When Loudcloud finally began trading, the shares rose just 3 percent the first day, giving the company a market value of about $450 million, rather than the more than $1 billion valuation executives had previously anticipated.

Loudcloud shares have slid steadily since the IPO. Shares in the company closed Friday at $1.63 and have traded as high as $7 and as low as $1.28 in the past year. The company has a market valuation of about $120 million.

To be sure, Loudcloud is not alone in its woes. Others in related Web hosting businesses, for example, also have suffered. Exodus Communications and Digex, both of which compete with Loudcloud in some ways by offering so-called managed hosting services, have seen their stocks plunge or have recently laid off workers.

Since going public, Loudcloud has trimmed its staff, cut sharply back on some of its infrastructure costs, and says it has more than enough cash to last through 2003, when it sees its business beginning to break even.

In June, it posted a first-quarter net loss of $60.3 million, or $1.25 per share, on revenue of $11.7 million, compared with a net loss of $14.6 million on revenue of $86,000 during the same quarter last year. The company expects to report financial results for its second quarter, which ended July 31, on Aug. 28.

"For us, in my opinion, we've seen the bottom of the downturn," said Horowitz, the company's CEO. Loudcloud's least stable customers have mostly left, and larger businesses such as Ford Motor and USA Today are deciding to spend again, making it easier for outsourcing companies to predict the market, he said. "It's pretty clear that (our potential customers) know what their budgets are now, and what they want to spend it on."

A chaotic market
For all the changes, the company still faces a difficult market, even if analysts say the new flexibility in its product line is a step forward.

According to recent research by Forrester Research, about half of all large companies keep their critical Internet operations in-house, as opposed to farming them out to a Web hosting facility or managed service provider such as Loudcloud. Even more daunting are reports that 30 percent of companies that do use outside facilities are thinking about bringing them back in-house, and that another 30 percent plan to switch their outside providers.

At the core of these statistics, said Forrester analyst Jeanne Schaaf, is widespread discontent and confusion in the corporate world about the value of Internet infrastructure and services. Moreover, in the explosion of hosting facilities, managed service providers, application service providers and other various fill-in-the-blank providers, companies aren't clear who does what, or why.

"There is a lot of confusion in the market," Schaaf said, noting that Loudcloud and its competitors are subject to the skepticism resulting from this confusion. "A lot of people are comparing apples and oranges."

Loudcloud is nevertheless making the right moves by breaking up its services into separate a la carte menu items for these companies, Schaaf said. By allowing customers to keep their Internet gear in-house, while still taking advantage of Loudcloud's security and disaster-recovery features, they stand a good chance of enticing skeptical corporations to sample just a piece of the outsourcing model at first.

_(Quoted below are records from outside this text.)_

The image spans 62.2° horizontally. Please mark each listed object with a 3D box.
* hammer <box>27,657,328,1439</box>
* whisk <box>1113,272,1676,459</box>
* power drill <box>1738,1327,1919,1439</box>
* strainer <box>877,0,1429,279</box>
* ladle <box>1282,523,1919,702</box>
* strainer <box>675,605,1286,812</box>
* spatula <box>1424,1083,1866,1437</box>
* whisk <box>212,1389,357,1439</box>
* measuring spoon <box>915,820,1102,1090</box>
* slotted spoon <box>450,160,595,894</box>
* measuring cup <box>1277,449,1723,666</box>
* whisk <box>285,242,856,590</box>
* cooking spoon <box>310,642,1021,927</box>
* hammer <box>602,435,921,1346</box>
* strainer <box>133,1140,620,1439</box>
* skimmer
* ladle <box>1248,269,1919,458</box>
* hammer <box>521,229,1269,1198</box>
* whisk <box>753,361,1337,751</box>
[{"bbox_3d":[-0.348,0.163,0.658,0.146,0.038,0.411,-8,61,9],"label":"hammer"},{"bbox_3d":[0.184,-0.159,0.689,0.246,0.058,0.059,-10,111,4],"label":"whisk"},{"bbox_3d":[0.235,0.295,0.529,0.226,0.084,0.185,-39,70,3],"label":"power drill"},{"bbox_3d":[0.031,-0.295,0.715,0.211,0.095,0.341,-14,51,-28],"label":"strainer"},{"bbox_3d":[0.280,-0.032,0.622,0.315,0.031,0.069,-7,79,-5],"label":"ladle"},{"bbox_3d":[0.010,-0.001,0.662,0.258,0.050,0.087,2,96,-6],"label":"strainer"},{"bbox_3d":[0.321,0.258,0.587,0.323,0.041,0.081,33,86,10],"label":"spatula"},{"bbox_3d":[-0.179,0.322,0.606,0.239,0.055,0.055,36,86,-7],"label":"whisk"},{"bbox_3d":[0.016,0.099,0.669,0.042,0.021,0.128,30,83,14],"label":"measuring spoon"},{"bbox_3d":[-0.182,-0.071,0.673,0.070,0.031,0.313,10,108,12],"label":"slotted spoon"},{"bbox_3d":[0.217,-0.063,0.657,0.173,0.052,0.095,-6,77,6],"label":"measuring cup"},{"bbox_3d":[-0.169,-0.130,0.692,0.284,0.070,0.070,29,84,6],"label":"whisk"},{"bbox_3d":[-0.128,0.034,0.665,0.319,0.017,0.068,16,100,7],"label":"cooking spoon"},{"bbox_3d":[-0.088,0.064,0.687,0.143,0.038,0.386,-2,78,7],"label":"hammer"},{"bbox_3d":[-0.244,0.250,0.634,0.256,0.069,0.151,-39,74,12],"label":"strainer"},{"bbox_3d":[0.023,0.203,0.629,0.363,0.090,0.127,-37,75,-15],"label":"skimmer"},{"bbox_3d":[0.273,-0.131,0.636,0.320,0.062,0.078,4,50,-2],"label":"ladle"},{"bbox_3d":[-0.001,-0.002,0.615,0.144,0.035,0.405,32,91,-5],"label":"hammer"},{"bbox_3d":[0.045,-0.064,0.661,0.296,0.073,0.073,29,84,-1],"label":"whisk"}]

While Loudcloud tweaks its own businesses, competitors are not standing still.

Last week, for example, Sprint's Web services division announced that it would use software from start-up NOCPulse to allow expanded monitoring of a customer's site's performance and infrastructure.

Although it does not replicate the entire technology built by Loudcloud, NOCPulse's software allows the big telephone companies and other hosting operations to begin offering some of the advanced management features that Andreessen and Horowitz have built for themselves.

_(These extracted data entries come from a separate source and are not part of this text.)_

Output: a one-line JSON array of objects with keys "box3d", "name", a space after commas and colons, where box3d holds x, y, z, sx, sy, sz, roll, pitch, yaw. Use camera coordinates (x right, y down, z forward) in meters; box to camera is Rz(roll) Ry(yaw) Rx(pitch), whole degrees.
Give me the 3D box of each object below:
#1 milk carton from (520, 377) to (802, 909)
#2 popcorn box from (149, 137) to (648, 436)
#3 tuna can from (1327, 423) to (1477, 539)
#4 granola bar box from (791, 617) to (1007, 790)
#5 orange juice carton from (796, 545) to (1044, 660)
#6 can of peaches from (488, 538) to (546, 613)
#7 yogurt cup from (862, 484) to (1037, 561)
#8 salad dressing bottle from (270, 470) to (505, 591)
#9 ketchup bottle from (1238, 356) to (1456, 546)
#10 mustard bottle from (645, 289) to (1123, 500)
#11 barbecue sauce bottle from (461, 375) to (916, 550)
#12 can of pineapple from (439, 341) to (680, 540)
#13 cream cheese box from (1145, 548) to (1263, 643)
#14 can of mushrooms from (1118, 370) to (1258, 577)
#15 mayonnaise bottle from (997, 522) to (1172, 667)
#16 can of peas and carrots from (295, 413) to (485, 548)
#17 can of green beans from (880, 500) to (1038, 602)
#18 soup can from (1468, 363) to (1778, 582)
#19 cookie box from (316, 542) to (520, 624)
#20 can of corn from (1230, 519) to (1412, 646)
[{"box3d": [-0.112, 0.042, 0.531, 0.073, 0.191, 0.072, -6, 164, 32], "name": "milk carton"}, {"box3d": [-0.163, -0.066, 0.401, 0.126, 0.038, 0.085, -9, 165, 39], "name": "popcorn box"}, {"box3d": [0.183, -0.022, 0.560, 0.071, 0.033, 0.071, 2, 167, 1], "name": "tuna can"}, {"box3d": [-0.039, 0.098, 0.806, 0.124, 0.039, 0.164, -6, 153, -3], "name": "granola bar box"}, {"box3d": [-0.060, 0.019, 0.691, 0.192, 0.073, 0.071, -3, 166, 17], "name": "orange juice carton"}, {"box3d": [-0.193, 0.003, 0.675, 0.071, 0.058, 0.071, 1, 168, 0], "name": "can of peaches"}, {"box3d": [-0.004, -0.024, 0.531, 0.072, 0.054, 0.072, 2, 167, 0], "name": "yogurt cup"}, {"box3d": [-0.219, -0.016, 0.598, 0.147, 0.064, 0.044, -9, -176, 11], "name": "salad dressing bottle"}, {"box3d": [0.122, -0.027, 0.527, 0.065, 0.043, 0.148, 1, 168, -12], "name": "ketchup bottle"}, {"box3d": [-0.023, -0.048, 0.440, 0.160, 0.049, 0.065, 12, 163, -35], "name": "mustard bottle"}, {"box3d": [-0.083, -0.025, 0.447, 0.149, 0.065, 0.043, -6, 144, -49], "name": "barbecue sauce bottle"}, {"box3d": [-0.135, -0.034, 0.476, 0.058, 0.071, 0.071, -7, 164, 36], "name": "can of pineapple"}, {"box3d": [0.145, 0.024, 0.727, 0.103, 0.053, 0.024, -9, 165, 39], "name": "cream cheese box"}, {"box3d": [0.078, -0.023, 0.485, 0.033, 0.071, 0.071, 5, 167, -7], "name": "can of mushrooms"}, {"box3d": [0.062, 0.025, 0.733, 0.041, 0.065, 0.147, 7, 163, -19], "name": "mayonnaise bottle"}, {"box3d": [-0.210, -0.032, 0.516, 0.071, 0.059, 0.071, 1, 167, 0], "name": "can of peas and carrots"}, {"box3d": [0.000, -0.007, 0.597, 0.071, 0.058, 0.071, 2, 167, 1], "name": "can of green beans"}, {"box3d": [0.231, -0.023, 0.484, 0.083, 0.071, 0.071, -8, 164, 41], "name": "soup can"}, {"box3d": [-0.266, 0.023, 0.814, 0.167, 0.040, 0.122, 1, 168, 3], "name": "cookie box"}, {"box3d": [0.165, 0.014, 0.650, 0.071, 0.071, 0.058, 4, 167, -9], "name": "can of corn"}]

In the course of its corporate research, Forrester says it found that big corporations are leery of outsourcing advanced Net software functions to telephone companies. But because they are large and stable--a critical measure in days of economic uncertainty--they could provide growing competition for Loudcloud and other smaller companies.

"They need to be concerned about that," Schaaf said. The telecom companies "have deep pockets, and they're going to be there at the end of the day."